• **Exercise details**:
Take the lines of the data below from the very first through the line containing "[00:00:12.2-00:00:24.2]" and output them exactly, pictures excluded.

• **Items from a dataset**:
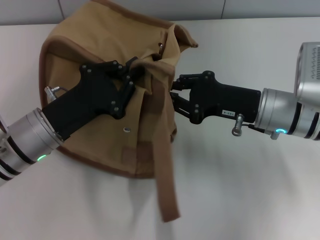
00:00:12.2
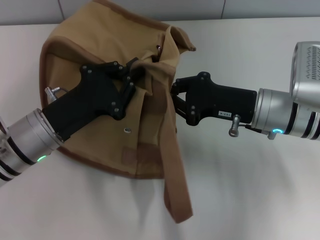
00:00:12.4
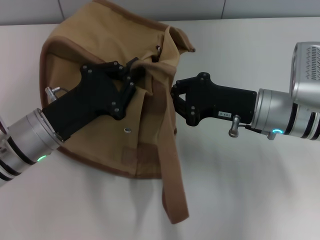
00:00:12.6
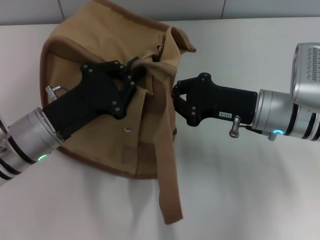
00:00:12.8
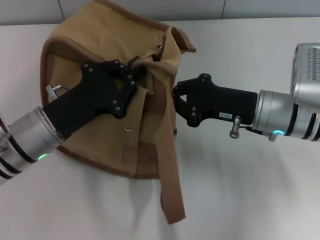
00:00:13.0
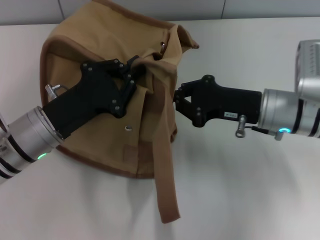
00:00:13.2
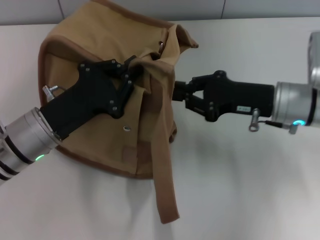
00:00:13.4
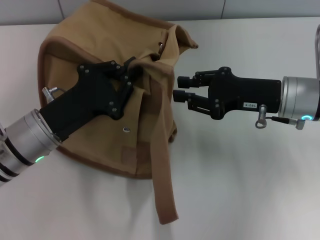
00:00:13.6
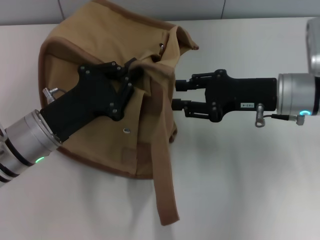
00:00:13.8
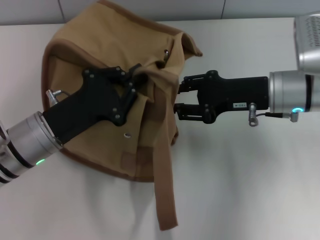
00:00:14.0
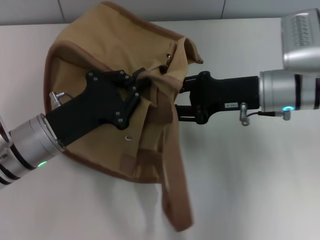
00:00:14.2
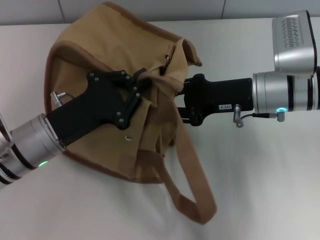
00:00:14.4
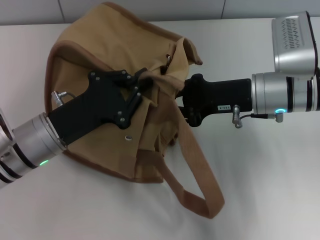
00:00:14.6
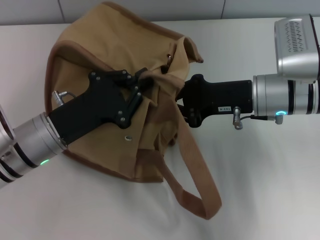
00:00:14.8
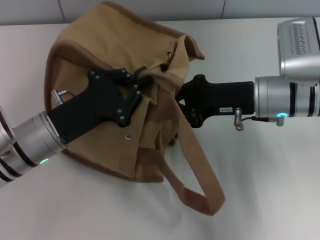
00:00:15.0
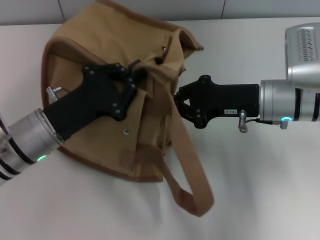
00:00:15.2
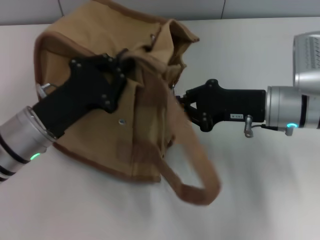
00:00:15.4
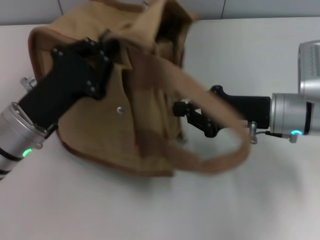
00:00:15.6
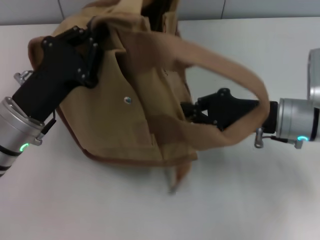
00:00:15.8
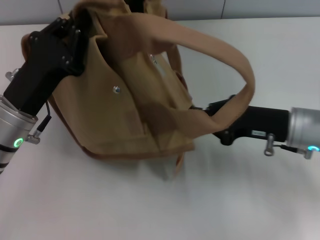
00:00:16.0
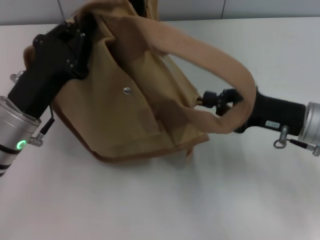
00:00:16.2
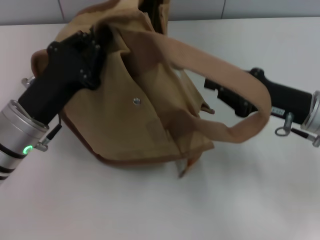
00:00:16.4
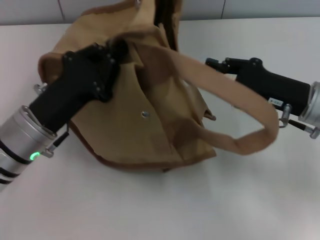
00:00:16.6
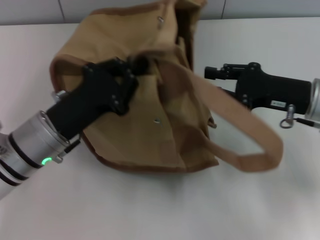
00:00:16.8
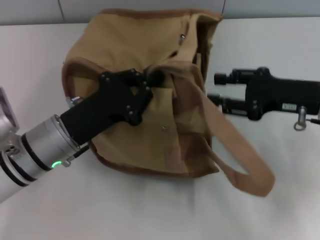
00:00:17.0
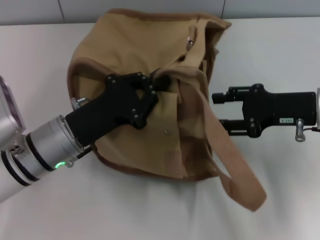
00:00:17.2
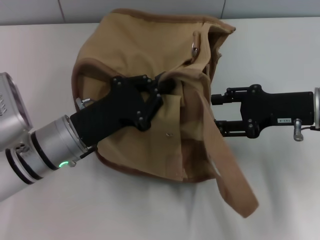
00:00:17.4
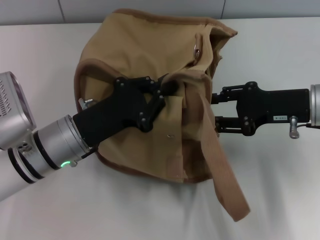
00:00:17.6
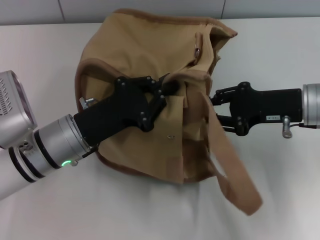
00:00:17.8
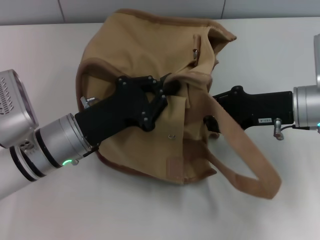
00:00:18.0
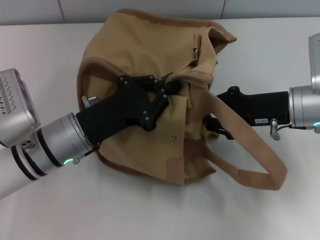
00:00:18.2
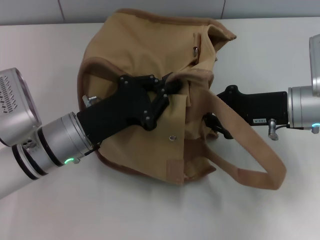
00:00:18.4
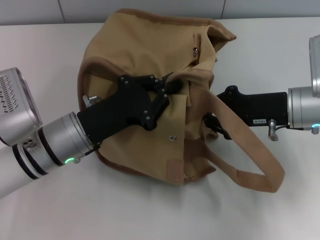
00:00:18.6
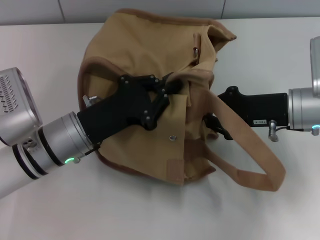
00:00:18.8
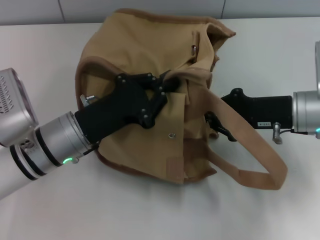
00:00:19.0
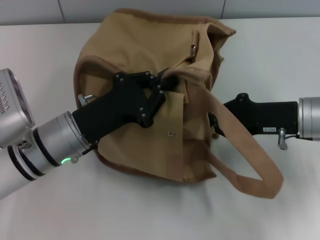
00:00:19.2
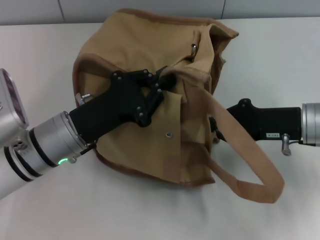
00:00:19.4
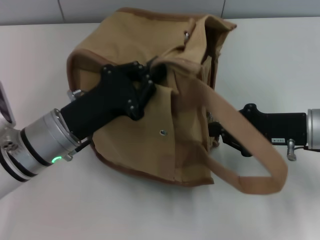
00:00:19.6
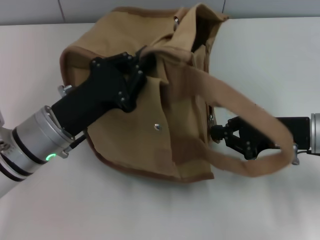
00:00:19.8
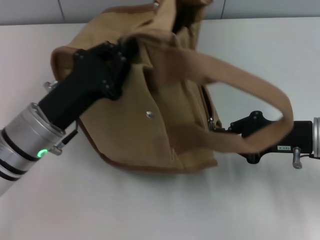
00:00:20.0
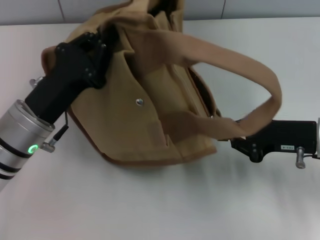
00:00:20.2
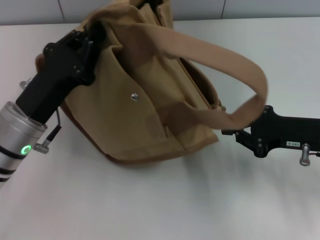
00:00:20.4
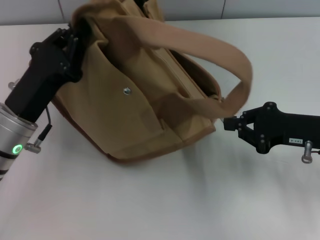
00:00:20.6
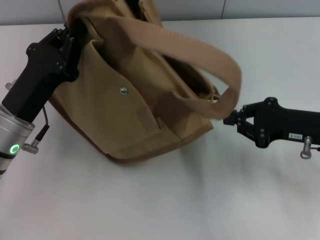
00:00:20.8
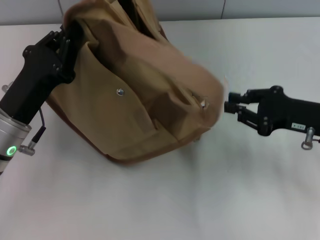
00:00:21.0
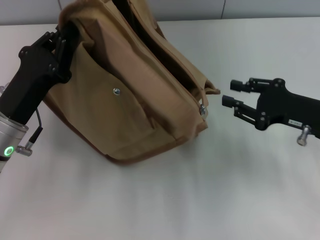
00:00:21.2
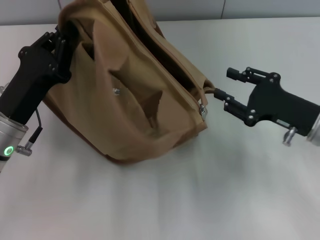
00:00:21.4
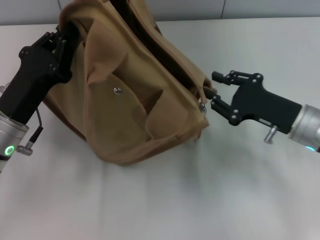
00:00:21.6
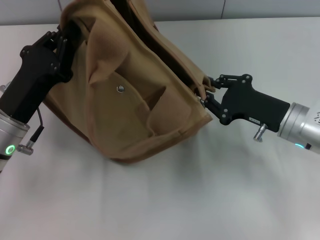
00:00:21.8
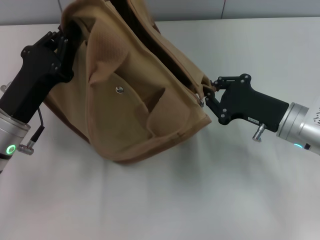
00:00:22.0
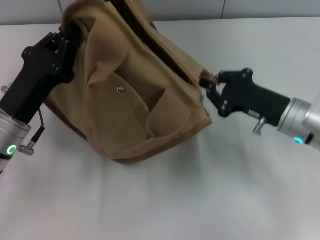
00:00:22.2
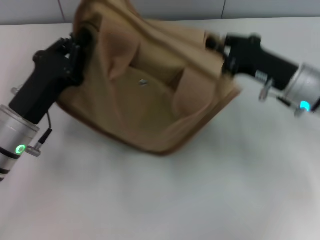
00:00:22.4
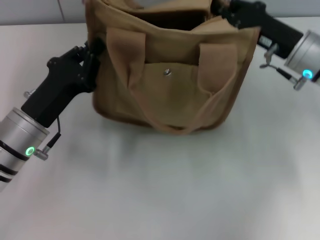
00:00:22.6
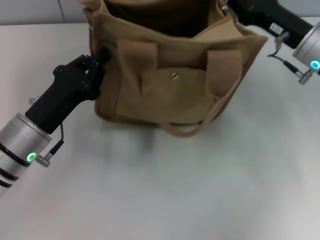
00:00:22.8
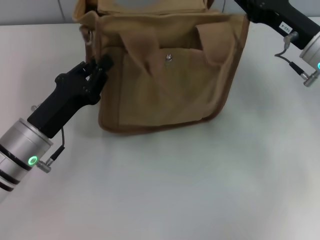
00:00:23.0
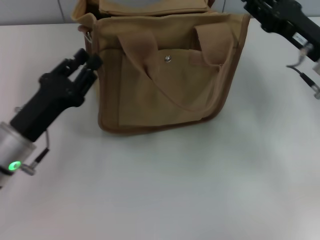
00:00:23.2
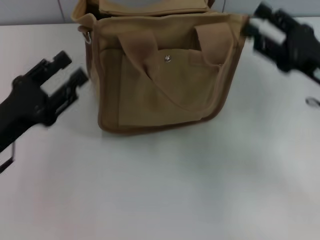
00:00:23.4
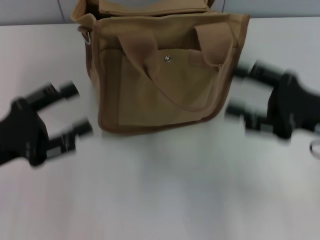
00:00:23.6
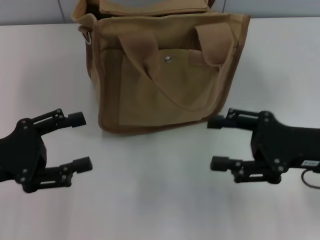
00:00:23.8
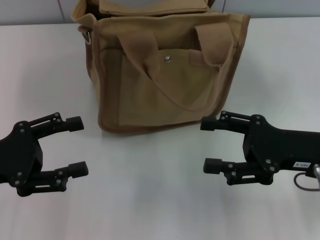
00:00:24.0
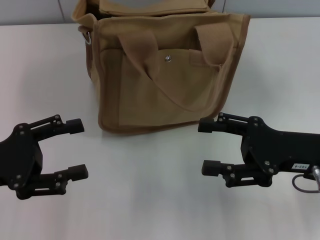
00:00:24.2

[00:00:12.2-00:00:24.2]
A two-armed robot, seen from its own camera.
Step, 00:00:12.2 to 00:00:21.0: Pull open the zipper with your right hand.
Step, 00:00:21.2 to 00:00:23.2: Grab the bag with your left hand.
00:00:12.2 to 00:00:15.2: The grippers stay close to where they were, moving slightly.
00:00:15.2 to 00:00:16.6: The right gripper is displaced to the right by some 5 cm.
00:00:16.6 to 00:00:18.2: The right gripper opens, then closes once more.
00:00:18.2 to 00:00:19.8: The right gripper ends up approximately 5 cm from where it was.
00:00:21.2 to 00:00:22.6: The right gripper is displaced forward and to the left by approximately 10 cm, and opens, then closes again.
00:00:22.6 to 00:00:24.2: The right gripper moves backward, some 10 cm, and opens its fingers. Meanwhile the left gripper goes some 10 cm to the left, and opens up.

• **Result of the exercise**:
00:00:12.2
00:00:12.4
00:00:12.6
00:00:12.8
00:00:13.0
00:00:13.2
00:00:13.4
00:00:13.6
00:00:13.8
00:00:14.0
00:00:14.2
00:00:14.4
00:00:14.6
00:00:14.8
00:00:15.0
00:00:15.2
00:00:15.4
00:00:15.6
00:00:15.8
00:00:16.0
00:00:16.2
00:00:16.4
00:00:16.6
00:00:16.8
00:00:17.0
00:00:17.2
00:00:17.4
00:00:17.6
00:00:17.8
00:00:18.0
00:00:18.2
00:00:18.4
00:00:18.6
00:00:18.8
00:00:19.0
00:00:19.2
00:00:19.4
00:00:19.6
00:00:19.8
00:00:20.0
00:00:20.2
00:00:20.4
00:00:20.6
00:00:20.8
00:00:21.0
00:00:21.2
00:00:21.4
00:00:21.6
00:00:21.8
00:00:22.0
00:00:22.2
00:00:22.4
00:00:22.6
00:00:22.8
00:00:23.0
00:00:23.2
00:00:23.4
00:00:23.6
00:00:23.8
00:00:24.0
00:00:24.2

[00:00:12.2-00:00:24.2]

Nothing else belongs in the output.